[<prev] [next>] [<thread-prev] [thread-next>] [day] [month] [year] [list]
Message-ID: <87k009nvnr.fsf@nvidia.com>
Date: Thu, 23 Feb 2023 09:59:35 +1100
From: Alistair Popple <apopple@...dia.com>
To: Jason Gunthorpe <jgg@...dia.com>
Cc: Tejun Heo <tj@...nel.org>, Michal Hocko <mhocko@...e.com>,
Yosry Ahmed <yosryahmed@...gle.com>, linux-mm@...ck.org,
cgroups@...r.kernel.org, linux-kernel@...r.kernel.org,
jhubbard@...dia.com, tjmercier@...gle.com, hannes@...xchg.org,
surenb@...gle.com, mkoutny@...e.com, daniel@...ll.ch,
"Daniel P . Berrange" <berrange@...hat.com>,
Alex Williamson <alex.williamson@...hat.com>,
Zefan Li <lizefan.x@...edance.com>,
Andrew Morton <akpm@...ux-foundation.org>
Subject: Re: [PATCH 14/19] mm: Introduce a cgroup for pinned memory
Jason Gunthorpe <jgg@...dia.com> writes:
> On Wed, Feb 22, 2023 at 10:38:25PM +1100, Alistair Popple wrote:
>> When a driver unpins a page we scan the pinners list and assign
>> ownership to the next driver pinning the page by updating memcg_data and
>> removing the vm_account from the list.
>
> I don't see how this works with just the data structure you outlined??

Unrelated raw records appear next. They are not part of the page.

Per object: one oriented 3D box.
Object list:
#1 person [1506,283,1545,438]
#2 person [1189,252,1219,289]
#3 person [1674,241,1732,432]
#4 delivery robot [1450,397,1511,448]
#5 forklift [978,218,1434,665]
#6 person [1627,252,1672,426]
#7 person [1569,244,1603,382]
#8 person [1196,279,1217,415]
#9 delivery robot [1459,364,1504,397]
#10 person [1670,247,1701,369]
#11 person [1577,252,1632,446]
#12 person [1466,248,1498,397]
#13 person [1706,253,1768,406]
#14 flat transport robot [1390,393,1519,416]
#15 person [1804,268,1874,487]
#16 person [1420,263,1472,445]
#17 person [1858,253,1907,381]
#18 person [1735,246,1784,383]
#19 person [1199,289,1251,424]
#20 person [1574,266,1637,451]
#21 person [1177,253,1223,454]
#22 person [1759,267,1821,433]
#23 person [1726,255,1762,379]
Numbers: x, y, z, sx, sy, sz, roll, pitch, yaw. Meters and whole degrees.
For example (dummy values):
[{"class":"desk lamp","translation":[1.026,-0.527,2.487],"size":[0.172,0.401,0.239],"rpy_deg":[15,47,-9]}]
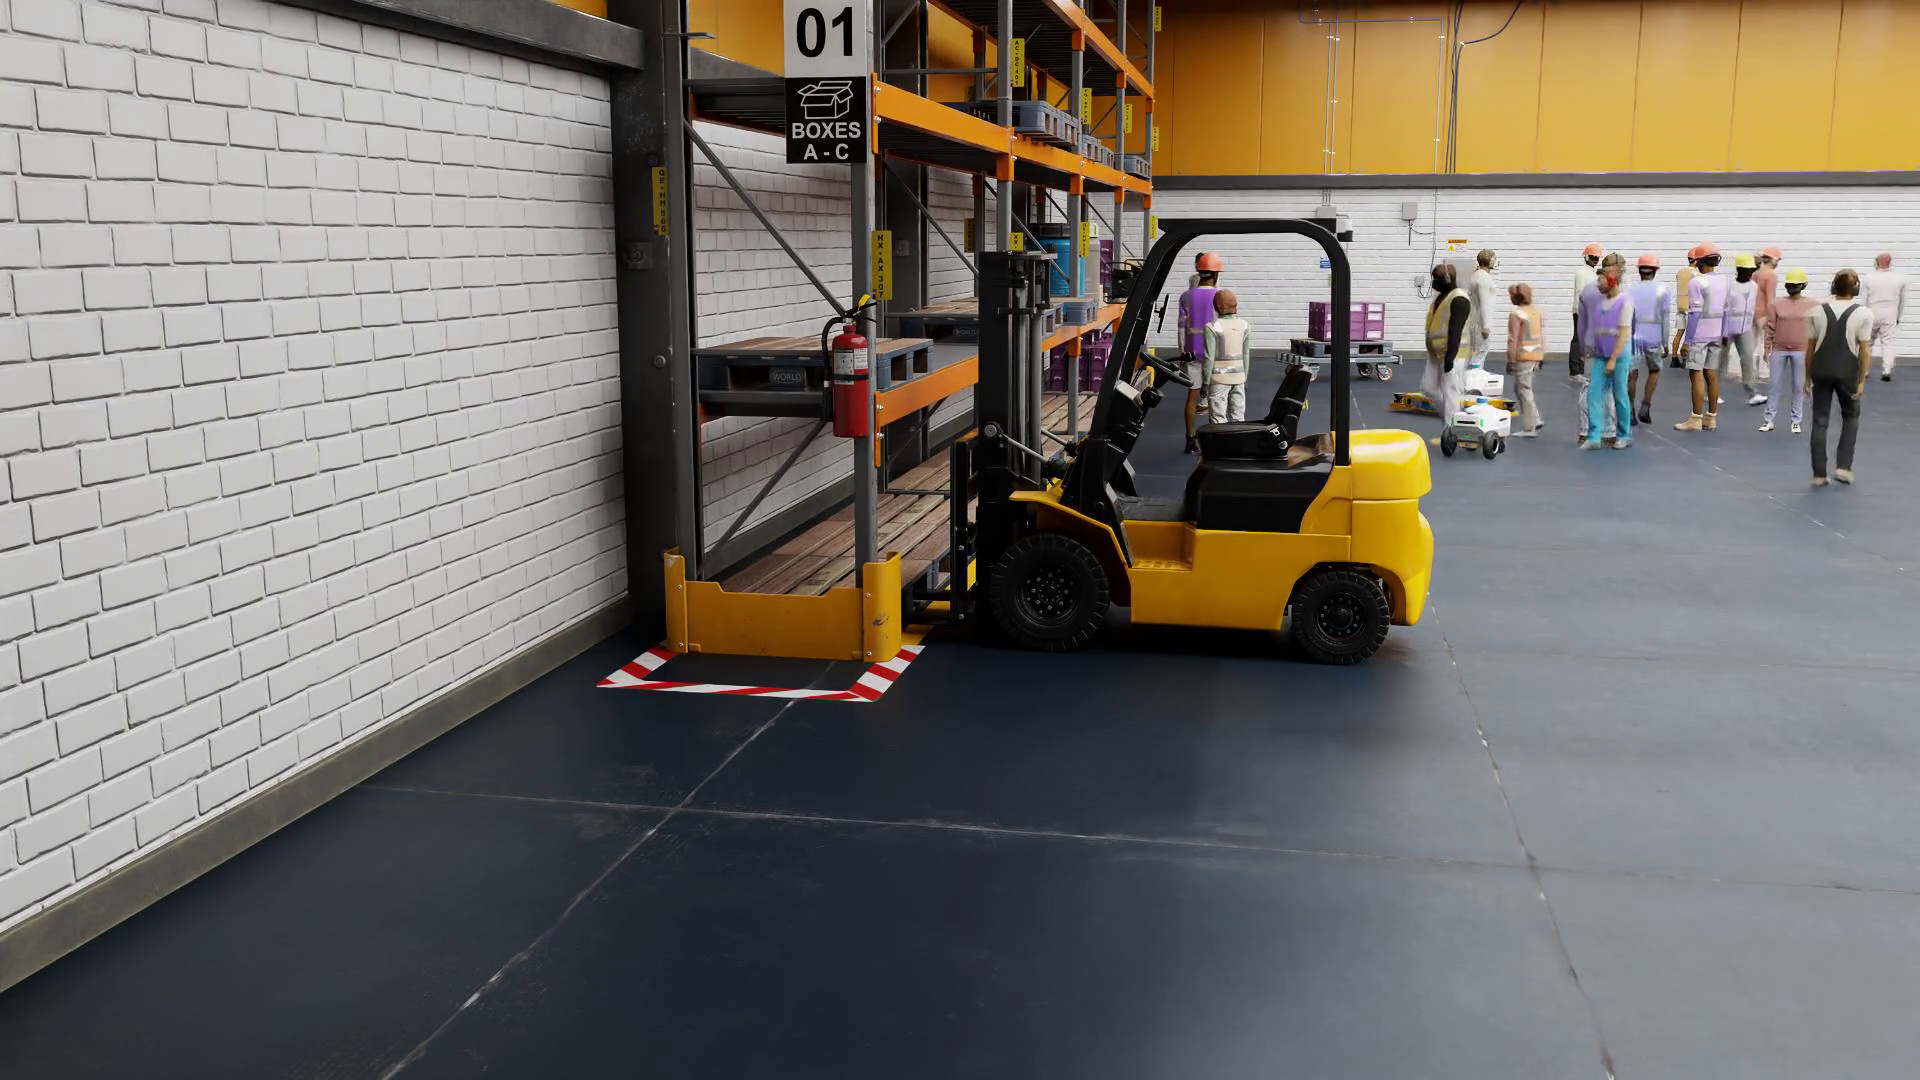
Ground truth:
[{"class":"person","translation":[5.902,-1.874,17.367],"size":[0.381,1.615,0.518],"rpy_deg":[10,14,44]},{"class":"person","translation":[3.513,-3.228,24.125],"size":[0.526,1.865,0.315],"rpy_deg":[8,13,36]},{"class":"person","translation":[7.974,-2.179,17.888],"size":[0.615,2.039,0.382],"rpy_deg":[-6,12,-30]},{"class":"delivery robot","translation":[4.996,-1.127,15.941],"size":[0.477,0.478,0.707],"rpy_deg":[9,13,39]},{"class":"forklift","translation":[1.285,-0.567,8.635],"size":[2.313,2.155,1.214],"rpy_deg":[2,11,11]},{"class":"person","translation":[7.545,-2.212,18.391],"size":[0.579,1.916,0.419],"rpy_deg":[6,12,30]},{"class":"person","translation":[9.083,-3.288,24.109],"size":[0.392,1.990,0.612],"rpy_deg":[9,13,39]},{"class":"person","translation":[2.894,-2.293,19.622],"size":[0.276,1.636,0.507],"rpy_deg":[-2,11,-13]},{"class":"delivery robot","translation":[6.246,-1.895,20.155],"size":[0.707,0.478,0.477],"rpy_deg":[-6,12,-30]},{"class":"person","translation":[11.614,-3.682,26.454],"size":[0.376,1.932,0.544],"rpy_deg":[-3,11,-17]},{"class":"person","translation":[6.473,-1.909,16.710],"size":[0.379,1.933,0.629],"rpy_deg":[-5,11,-25]},{"class":"person","translation":[6.736,-2.778,21.454],"size":[0.372,1.940,0.629],"rpy_deg":[1,10,6]},{"class":"person","translation":[9.672,-2.597,20.620],"size":[0.612,1.876,0.955],"rpy_deg":[-3,11,-16]},{"class":"flat transport robot","translation":[5.791,-1.593,19.531],"size":[0.652,0.197,1.431],"rpy_deg":[-5,12,-27]},{"class":"person","translation":[7.364,-1.355,13.972],"size":[0.512,1.826,0.578],"rpy_deg":[8,13,37]},{"class":"person","translation":[4.895,-1.860,16.733],"size":[0.433,1.823,0.648],"rpy_deg":[-2,11,-10]},{"class":"person","translation":[13.485,-3.263,24.370],"size":[0.637,1.858,1.032],"rpy_deg":[3,11,18]},{"class":"person","translation":[11.462,-3.209,23.791],"size":[0.562,1.967,0.639],"rpy_deg":[-1,10,-5]},{"class":"person","translation":[2.309,-1.357,14.492],"size":[0.521,1.636,0.311],"rpy_deg":[-6,12,-32]},{"class":"person","translation":[6.369,-1.760,16.325],"size":[0.743,1.824,0.560],"rpy_deg":[-5,11,-25]},{"class":"person","translation":[2.372,-1.789,16.036],"size":[0.548,1.937,0.379],"rpy_deg":[6,12,30]},{"class":"person","translation":[8.875,-2.021,17.782],"size":[0.529,1.765,0.327],"rpy_deg":[7,12,33]},{"class":"person","translation":[11.668,-3.271,24.489],"size":[0.613,1.817,0.767],"rpy_deg":[6,12,31]}]

> Every unique page needs its own list_head in the vm_account, it is
> doable just incredibly costly.
The idea was every driver already needs to allocate a pages array to
pass to pin_user_pages(), and by necessity drivers have to keep a
reference to the contents of that in one form or another. So
conceptually the equivalent of:
struct vm_account {
struct list_head possible_pinners;
struct mem_cgroup *memcg;
struct pages **pages;
[...]
};
Unpinnig involves finding a new owner by traversing the list of
page->memcg_data->possible_pinners and iterating over *pages[] to figure
out if that vm_account actually has this page pinned or not and could
own it.
Agree this is costly though. And I don't think all drivers keep the
array around so "iterating over *pages[]" may need to be a callback.